TASK DETAILS: Print, please, exactly the lines from the one with "on this page" through the final line of the data below, with both ends included and the pictures left out.

RECORDS FOR PROCESSING:

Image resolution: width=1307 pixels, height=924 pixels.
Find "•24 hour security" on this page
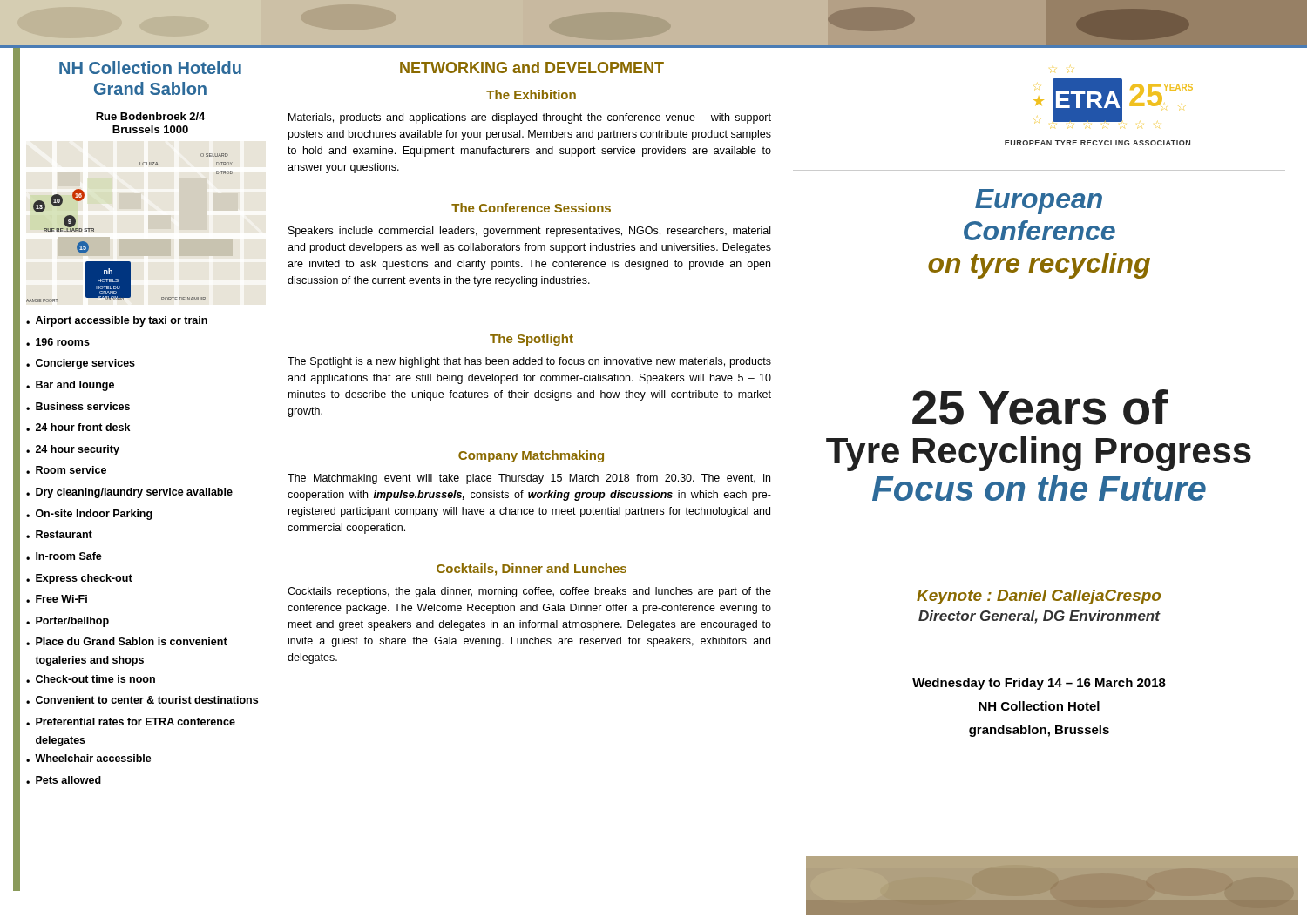(x=73, y=451)
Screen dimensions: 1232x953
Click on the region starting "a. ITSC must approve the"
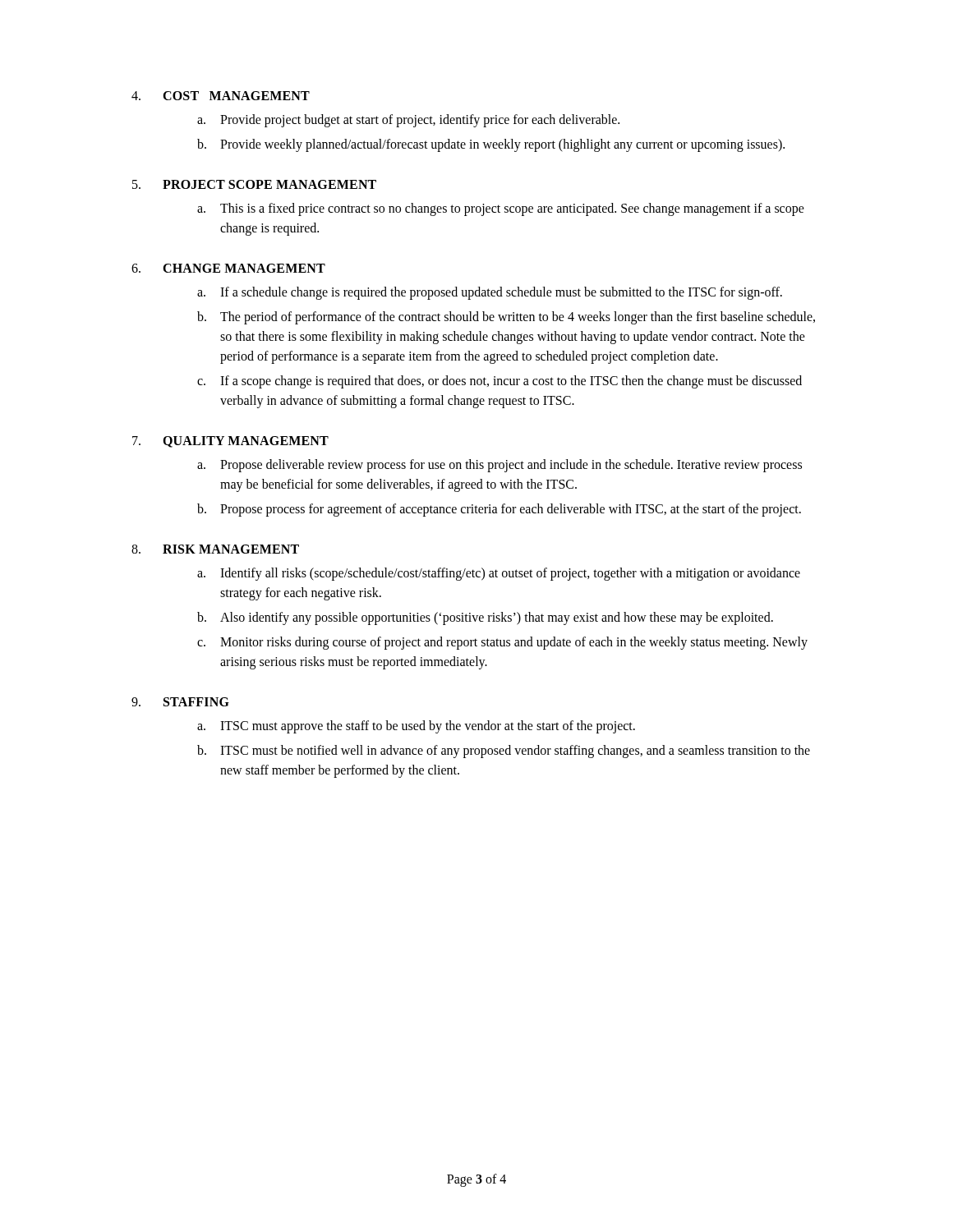point(509,726)
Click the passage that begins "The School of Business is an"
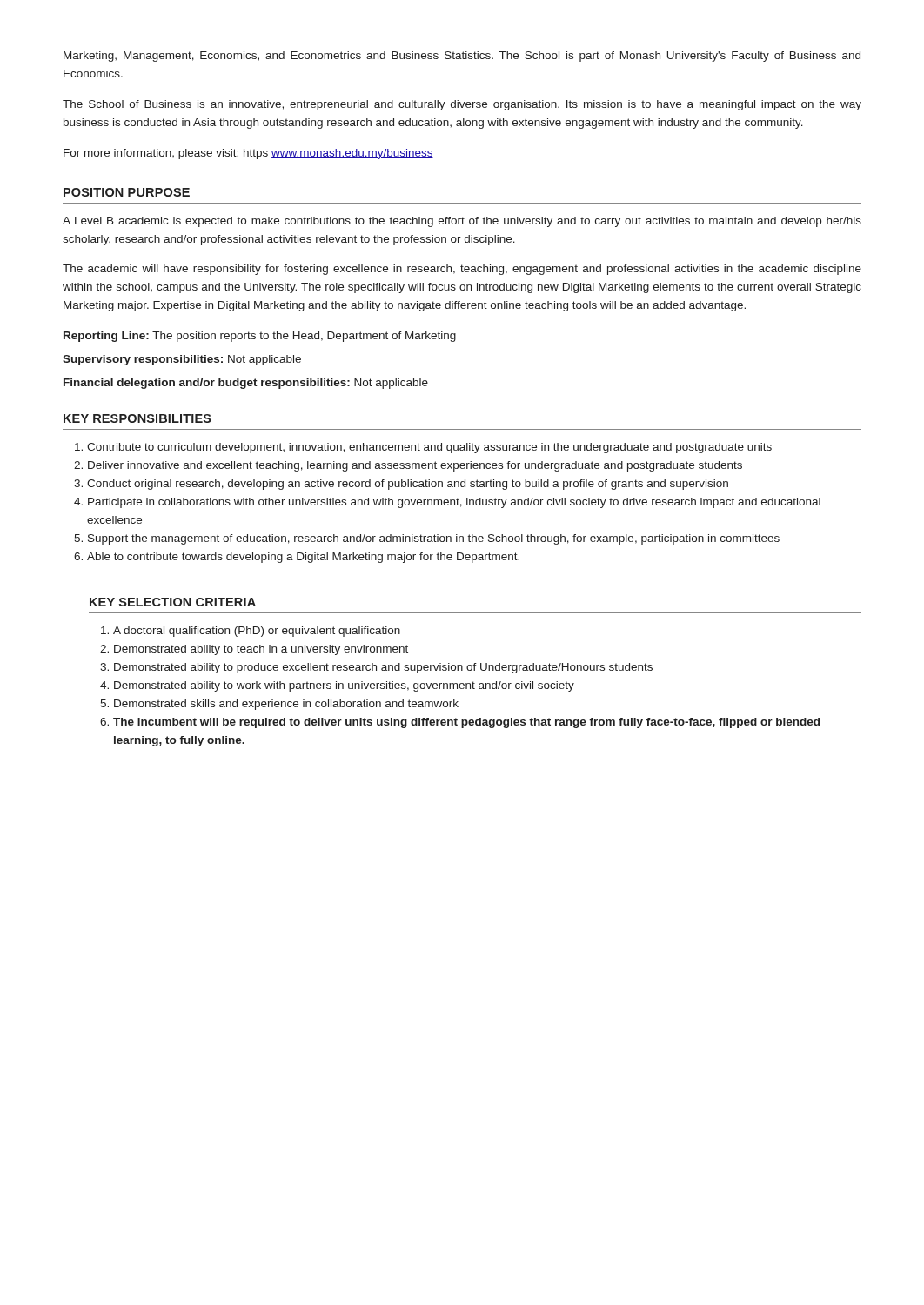Image resolution: width=924 pixels, height=1305 pixels. click(x=462, y=113)
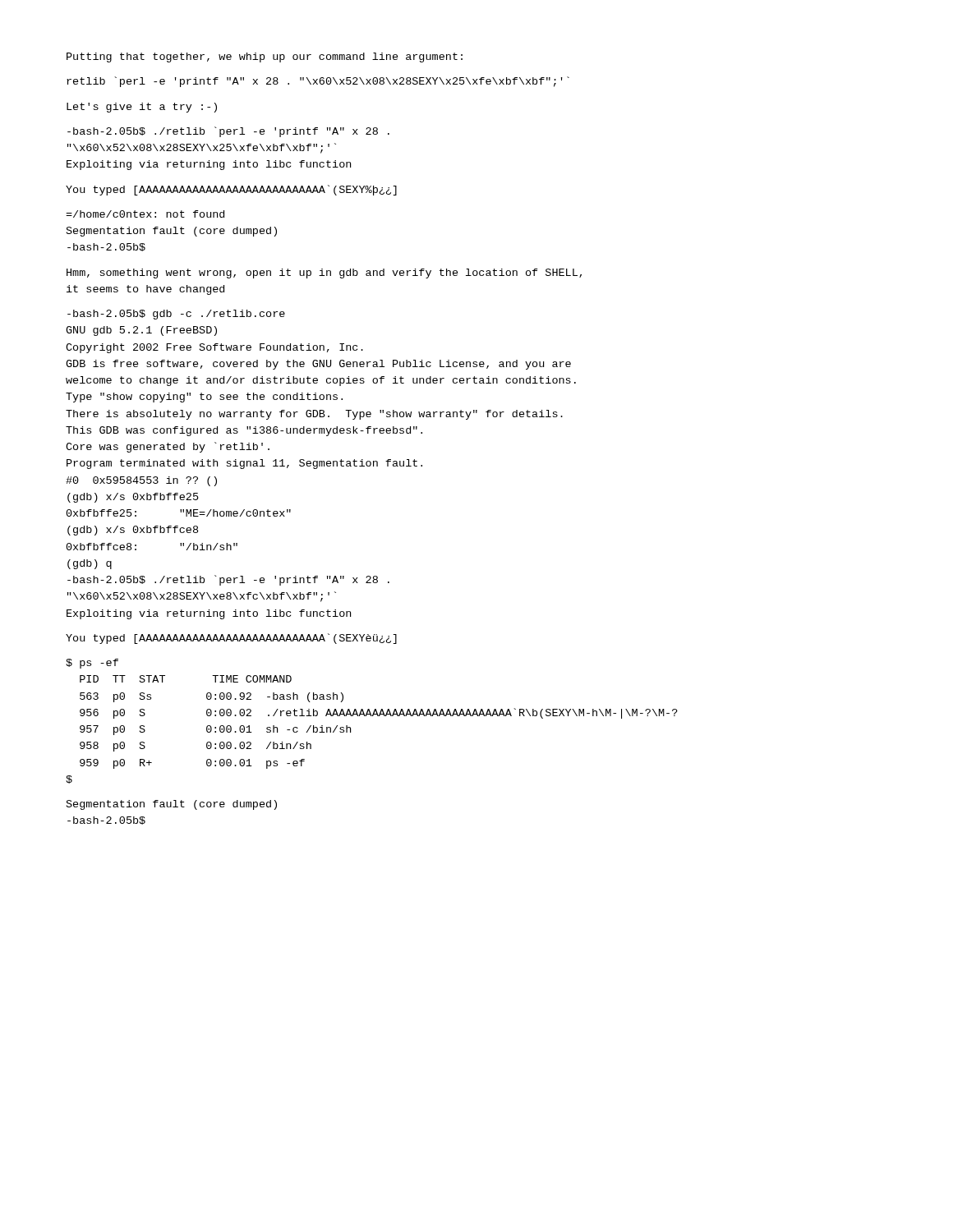Where is the passage that starts "bash-2.05b$ ./retlib `perl -e 'printf "A""?
Viewport: 953px width, 1232px height.
[229, 148]
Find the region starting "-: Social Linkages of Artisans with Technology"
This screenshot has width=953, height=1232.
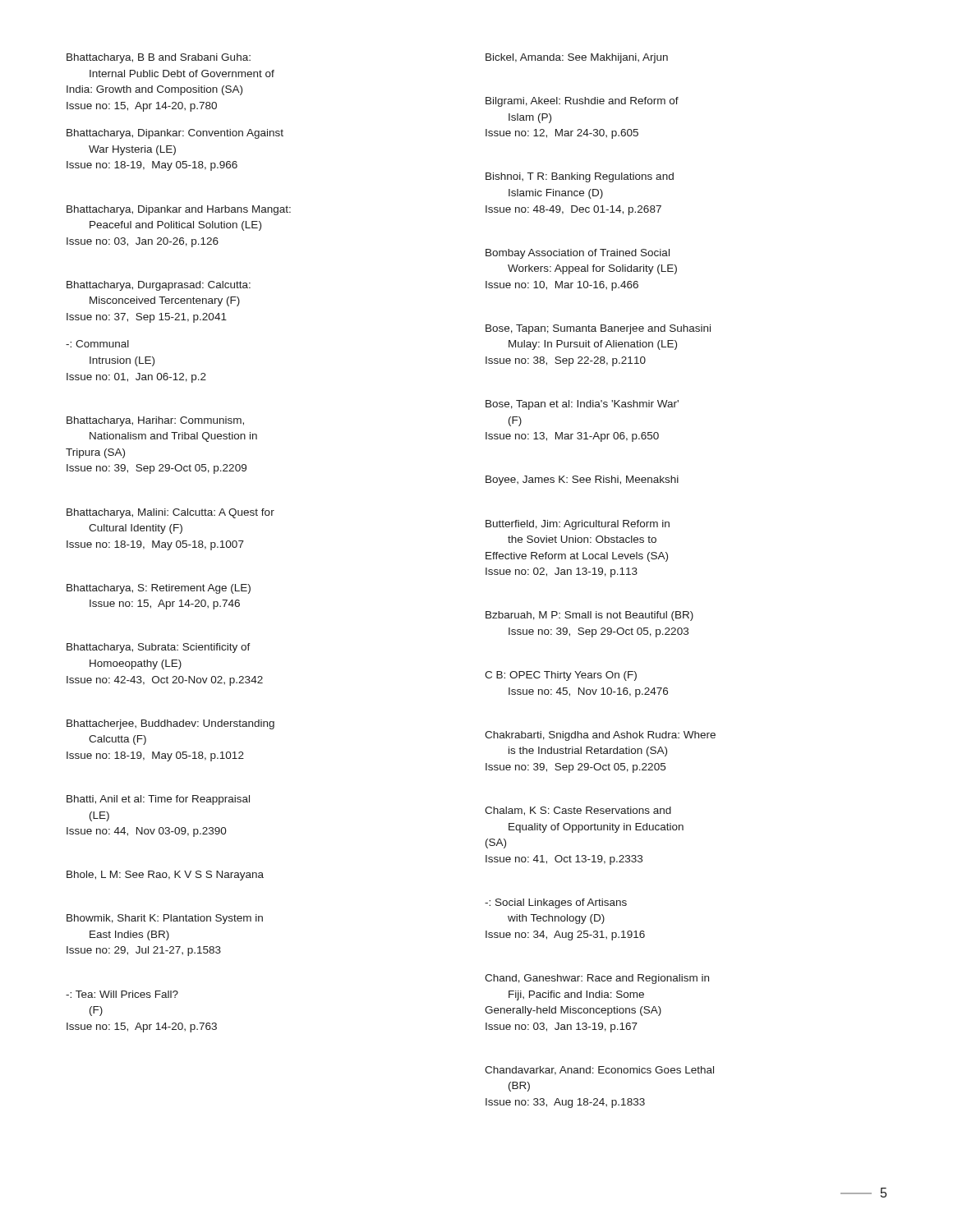coord(565,910)
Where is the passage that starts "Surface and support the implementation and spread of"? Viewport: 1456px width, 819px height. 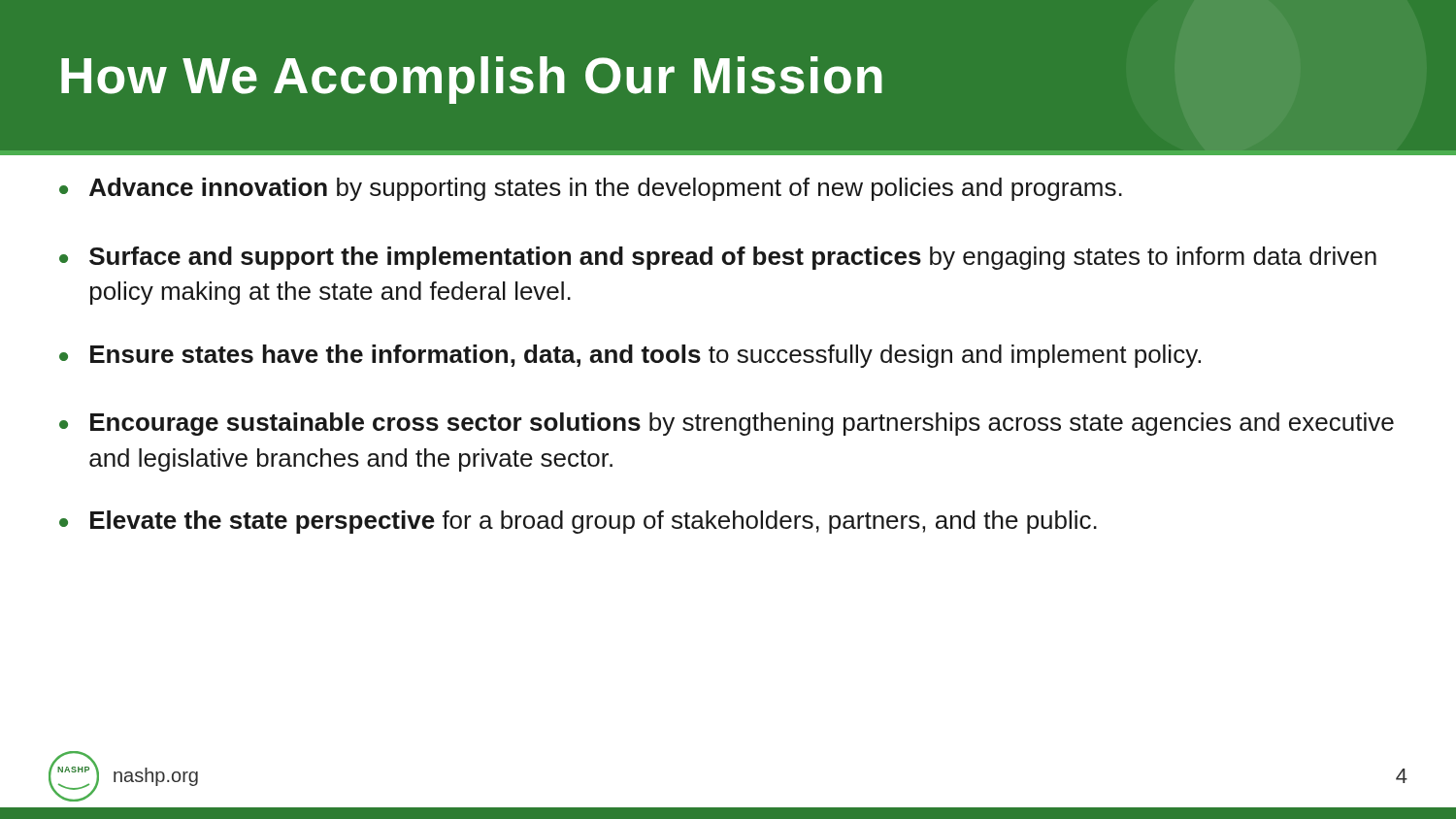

EXERCISE OUTPUT:
Find "•24 hour security" on this page
(x=73, y=451)
Screen dimensions: 1232x953
Click on the region starting "a. ITSC must approve the"
point(509,726)
Click the passage that begins "The School of Business is an"
Image resolution: width=924 pixels, height=1305 pixels. click(x=462, y=113)
Where is the passage that starts "bash-2.05b$ ./retlib `perl -e 'printf "A""?
Viewport: 953px width, 1232px height.
[229, 148]
Find the region starting "-: Social Linkages of Artisans with Technology"
This screenshot has width=953, height=1232.
coord(565,910)
Where is the passage that starts "Surface and support the implementation and spread of"? Viewport: 1456px width, 819px height. 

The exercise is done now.